- _PROBLEM TO SOLVE_
Pull out of the data below the stretch of lines bounded by the one containing "output, err := chezmoilog.LogCmdCombinedOutput(log.Logger, cmd)" and the one containing "Actions on Windows.", both bounds included, unchanged.

- _Data extracted from a collection_
◆ ◆ ◆ ◆ ◆

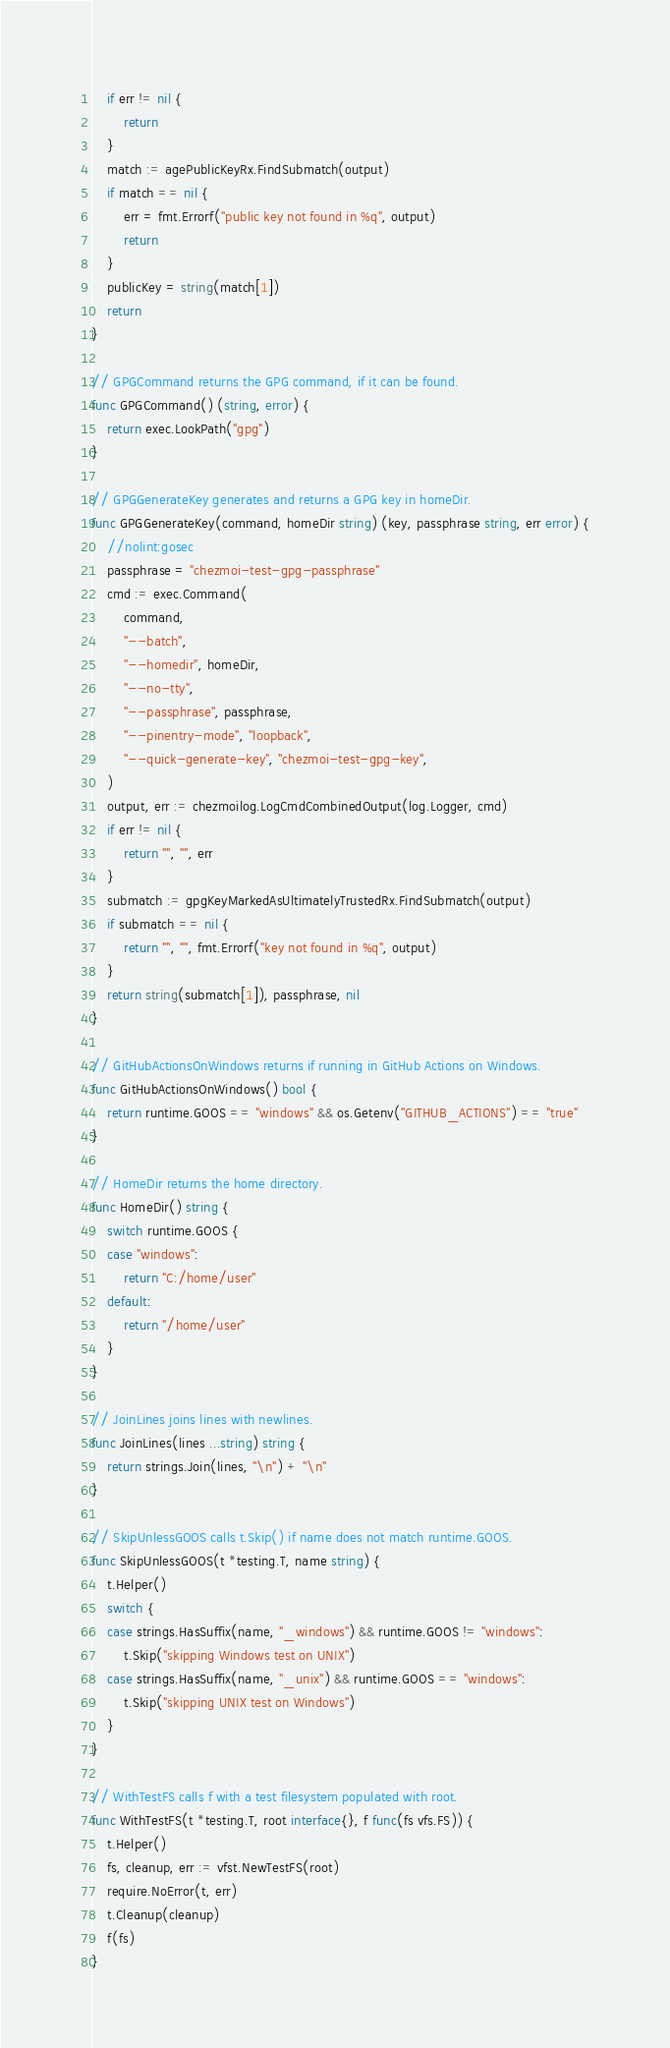Convert code to text. <code><loc_0><loc_0><loc_500><loc_500><_Go_>	if err != nil {
		return
	}
	match := agePublicKeyRx.FindSubmatch(output)
	if match == nil {
		err = fmt.Errorf("public key not found in %q", output)
		return
	}
	publicKey = string(match[1])
	return
}

// GPGCommand returns the GPG command, if it can be found.
func GPGCommand() (string, error) {
	return exec.LookPath("gpg")
}

// GPGGenerateKey generates and returns a GPG key in homeDir.
func GPGGenerateKey(command, homeDir string) (key, passphrase string, err error) {
	//nolint:gosec
	passphrase = "chezmoi-test-gpg-passphrase"
	cmd := exec.Command(
		command,
		"--batch",
		"--homedir", homeDir,
		"--no-tty",
		"--passphrase", passphrase,
		"--pinentry-mode", "loopback",
		"--quick-generate-key", "chezmoi-test-gpg-key",
	)
	output, err := chezmoilog.LogCmdCombinedOutput(log.Logger, cmd)
	if err != nil {
		return "", "", err
	}
	submatch := gpgKeyMarkedAsUltimatelyTrustedRx.FindSubmatch(output)
	if submatch == nil {
		return "", "", fmt.Errorf("key not found in %q", output)
	}
	return string(submatch[1]), passphrase, nil
}

// GitHubActionsOnWindows returns if running in GitHub Actions on Windows.
func GitHubActionsOnWindows() bool {
	return runtime.GOOS == "windows" && os.Getenv("GITHUB_ACTIONS") == "true"
}

// HomeDir returns the home directory.
func HomeDir() string {
	switch runtime.GOOS {
	case "windows":
		return "C:/home/user"
	default:
		return "/home/user"
	}
}

// JoinLines joins lines with newlines.
func JoinLines(lines ...string) string {
	return strings.Join(lines, "\n") + "\n"
}

// SkipUnlessGOOS calls t.Skip() if name does not match runtime.GOOS.
func SkipUnlessGOOS(t *testing.T, name string) {
	t.Helper()
	switch {
	case strings.HasSuffix(name, "_windows") && runtime.GOOS != "windows":
		t.Skip("skipping Windows test on UNIX")
	case strings.HasSuffix(name, "_unix") && runtime.GOOS == "windows":
		t.Skip("skipping UNIX test on Windows")
	}
}

// WithTestFS calls f with a test filesystem populated with root.
func WithTestFS(t *testing.T, root interface{}, f func(fs vfs.FS)) {
	t.Helper()
	fs, cleanup, err := vfst.NewTestFS(root)
	require.NoError(t, err)
	t.Cleanup(cleanup)
	f(fs)
}
</code> 
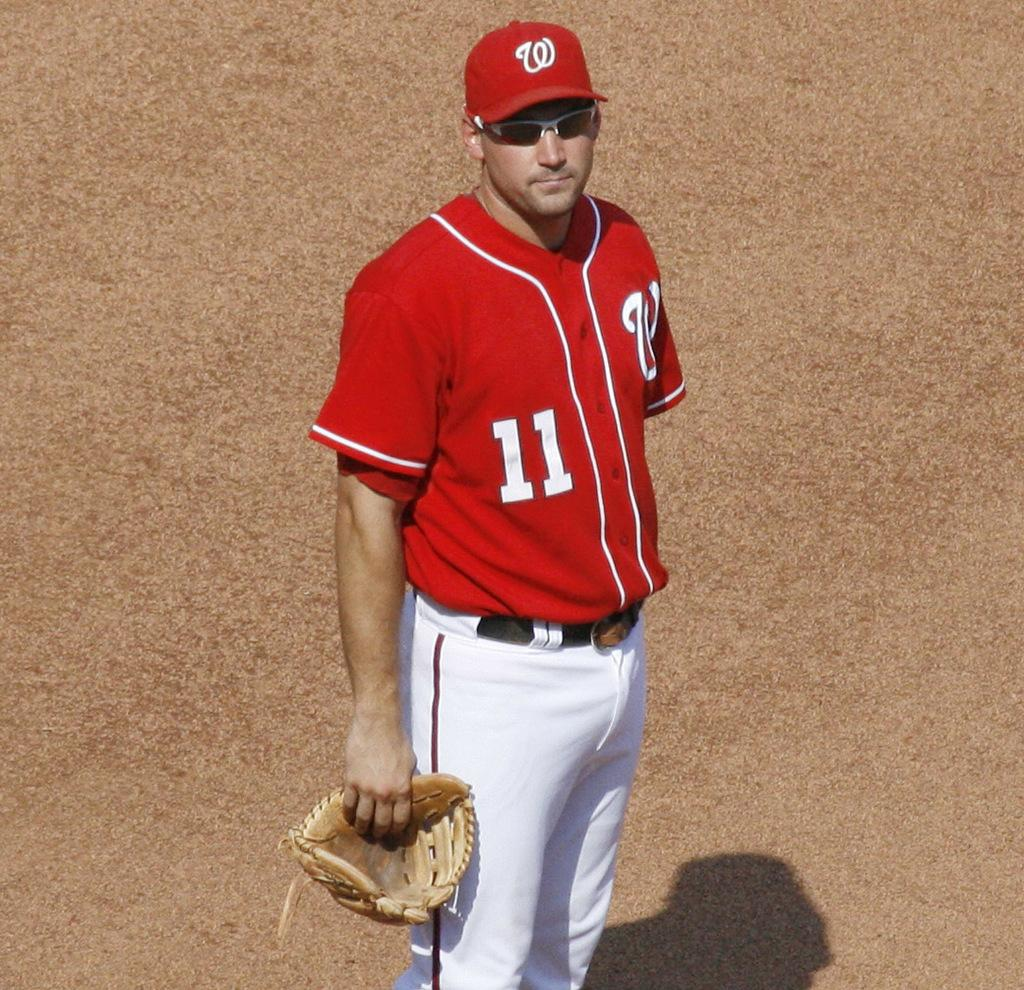<image>
Provide a brief description of the given image. A man in a baseball uniform standing on a field holding a baseball glove and a W on his jersey.

◆ ◆ ◆ ◆ ◆

- _RESULT FOR THIS EXERCISE_
	output, err := chezmoilog.LogCmdCombinedOutput(log.Logger, cmd)
	if err != nil {
		return "", "", err
	}
	submatch := gpgKeyMarkedAsUltimatelyTrustedRx.FindSubmatch(output)
	if submatch == nil {
		return "", "", fmt.Errorf("key not found in %q", output)
	}
	return string(submatch[1]), passphrase, nil
}

// GitHubActionsOnWindows returns if running in GitHub Actions on Windows.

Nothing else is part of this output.